(Extracted data entries)

========================================

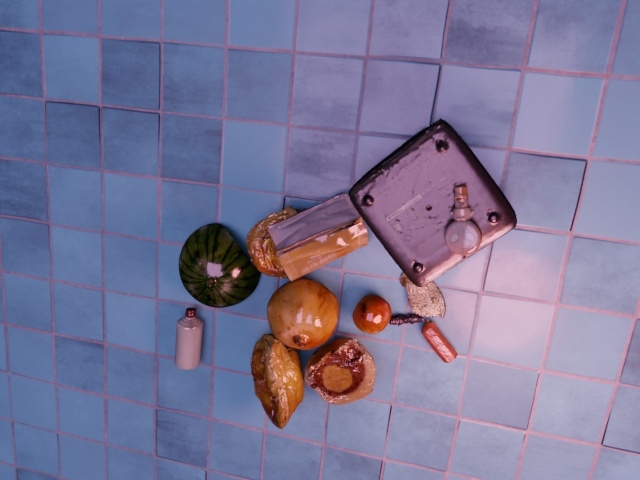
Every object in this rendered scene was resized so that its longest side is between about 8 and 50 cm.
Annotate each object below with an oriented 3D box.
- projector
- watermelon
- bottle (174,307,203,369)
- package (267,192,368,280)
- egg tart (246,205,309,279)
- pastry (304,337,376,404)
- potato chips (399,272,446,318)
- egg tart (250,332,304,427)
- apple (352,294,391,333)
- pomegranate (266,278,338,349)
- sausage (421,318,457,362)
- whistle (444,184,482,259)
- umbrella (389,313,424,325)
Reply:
[{"bbox_3d":[0.353,-0.124,1.638,0.395,0.242,0.405,-36,93,19],"label":"projector"},{"bbox_3d":[-0.409,0.113,1.906,0.330,0.189,0.331,2,98,12],"label":"watermelon"},{"bbox_3d":[-0.526,0.386,2.035,0.104,0.104,0.245,10,106,10],"label":"bottle"},{"bbox_3d":[0.006,0.008,1.718,0.311,0.165,0.221,-23,115,-3],"label":"package"},{"bbox_3d":[-0.119,0.002,1.842,0.296,0.132,0.297,-2,112,-5],"label":"egg tart"},{"bbox_3d":[0.078,0.471,1.893,0.256,0.170,0.237,-34,115,10],"label":"pastry"},{"bbox_3d":[0.365,0.199,1.819,0.209,0.026,0.142,32,95,6],"label":"potato chips"},{"bbox_3d":[-0.161,0.526,1.921,0.152,0.339,0.352,-9,75,-24],"label":"egg tart"},{"bbox_3d":[0.181,0.262,1.822,0.146,0.146,0.147,3,104,12],"label":"apple"},{"bbox_3d":[-0.064,0.264,1.813,0.264,0.264,0.265,3,104,12],"label":"pomegranate"},{"bbox_3d":[0.421,0.360,1.832,0.065,0.065,0.169,-37,93,18],"label":"sausage"},{"bbox_3d":[0.416,-0.052,1.490,0.107,0.057,0.220,-3,98,27],"label":"whistle"},{"bbox_3d":[0.306,0.290,1.855,0.143,0.040,0.037,-6,136,13],"label":"umbrella"}]
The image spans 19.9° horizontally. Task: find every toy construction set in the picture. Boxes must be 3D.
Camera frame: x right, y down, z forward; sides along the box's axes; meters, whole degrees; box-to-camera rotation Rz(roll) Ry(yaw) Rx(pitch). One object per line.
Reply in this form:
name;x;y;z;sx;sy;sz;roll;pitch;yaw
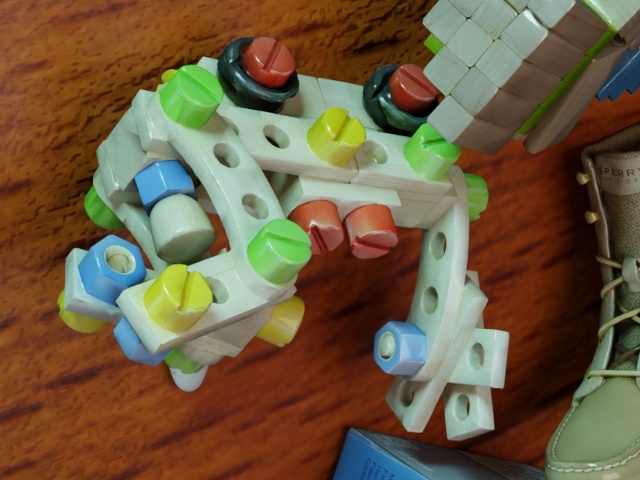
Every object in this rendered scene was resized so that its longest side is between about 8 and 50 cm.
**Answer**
toy construction set;0.000;0.000;1.044;0.151;0.215;0.328;-37;142;30

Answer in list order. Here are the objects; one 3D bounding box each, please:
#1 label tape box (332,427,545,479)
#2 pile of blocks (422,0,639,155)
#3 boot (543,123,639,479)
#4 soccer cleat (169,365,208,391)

========================================

=== EXERCISE AIM ===
Leave the images out and print each entry exactly.

=== TASK RESULT ===
Every object in this rendered scene was resized so that its longest side is between about 8 and 50 cm.
Annotate each object below with an oriented 3D box.
- projector
- watermelon
- bottle (174,307,203,369)
- package (267,192,368,280)
- egg tart (246,205,309,279)
- pastry (304,337,376,404)
- potato chips (399,272,446,318)
- egg tart (250,332,304,427)
- apple (352,294,391,333)
- pomegranate (266,278,338,349)
- sausage (421,318,457,362)
- whistle (444,184,482,259)
- umbrella (389,313,424,325)
Reply:
[{"bbox_3d":[0.353,-0.124,1.638,0.395,0.242,0.405,-36,93,19],"label":"projector"},{"bbox_3d":[-0.409,0.113,1.906,0.330,0.189,0.331,2,98,12],"label":"watermelon"},{"bbox_3d":[-0.526,0.386,2.035,0.104,0.104,0.245,10,106,10],"label":"bottle"},{"bbox_3d":[0.006,0.008,1.718,0.311,0.165,0.221,-23,115,-3],"label":"package"},{"bbox_3d":[-0.119,0.002,1.842,0.296,0.132,0.297,-2,112,-5],"label":"egg tart"},{"bbox_3d":[0.078,0.471,1.893,0.256,0.170,0.237,-34,115,10],"label":"pastry"},{"bbox_3d":[0.365,0.199,1.819,0.209,0.026,0.142,32,95,6],"label":"potato chips"},{"bbox_3d":[-0.161,0.526,1.921,0.152,0.339,0.352,-9,75,-24],"label":"egg tart"},{"bbox_3d":[0.181,0.262,1.822,0.146,0.146,0.147,3,104,12],"label":"apple"},{"bbox_3d":[-0.064,0.264,1.813,0.264,0.264,0.265,3,104,12],"label":"pomegranate"},{"bbox_3d":[0.421,0.360,1.832,0.065,0.065,0.169,-37,93,18],"label":"sausage"},{"bbox_3d":[0.416,-0.052,1.490,0.107,0.057,0.220,-3,98,27],"label":"whistle"},{"bbox_3d":[0.306,0.290,1.855,0.143,0.040,0.037,-6,136,13],"label":"umbrella"}]
The image spans 19.9° horizontally. Task: find every toy construction set in the picture. Boxes must be 3D.
Camera frame: x right, y down, z forward; sides along the box's axes; meters, whole degrees; box-to-camera rotation Rz(roll) Ry(yaw) Rx(pitch). One object per line.
Reply in this form:
name;x;y;z;sx;sy;sz;roll;pitch;yaw
Every object in this rendered scene was resized so that its longest side is between about 8 and 50 cm.
**Answer**
toy construction set;0.000;0.000;1.044;0.151;0.215;0.328;-37;142;30

Answer in list order. Here are the objects; one 3D bounding box each, please:
#1 label tape box (332,427,545,479)
#2 pile of blocks (422,0,639,155)
#3 boot (543,123,639,479)
#4 soccer cleat (169,365,208,391)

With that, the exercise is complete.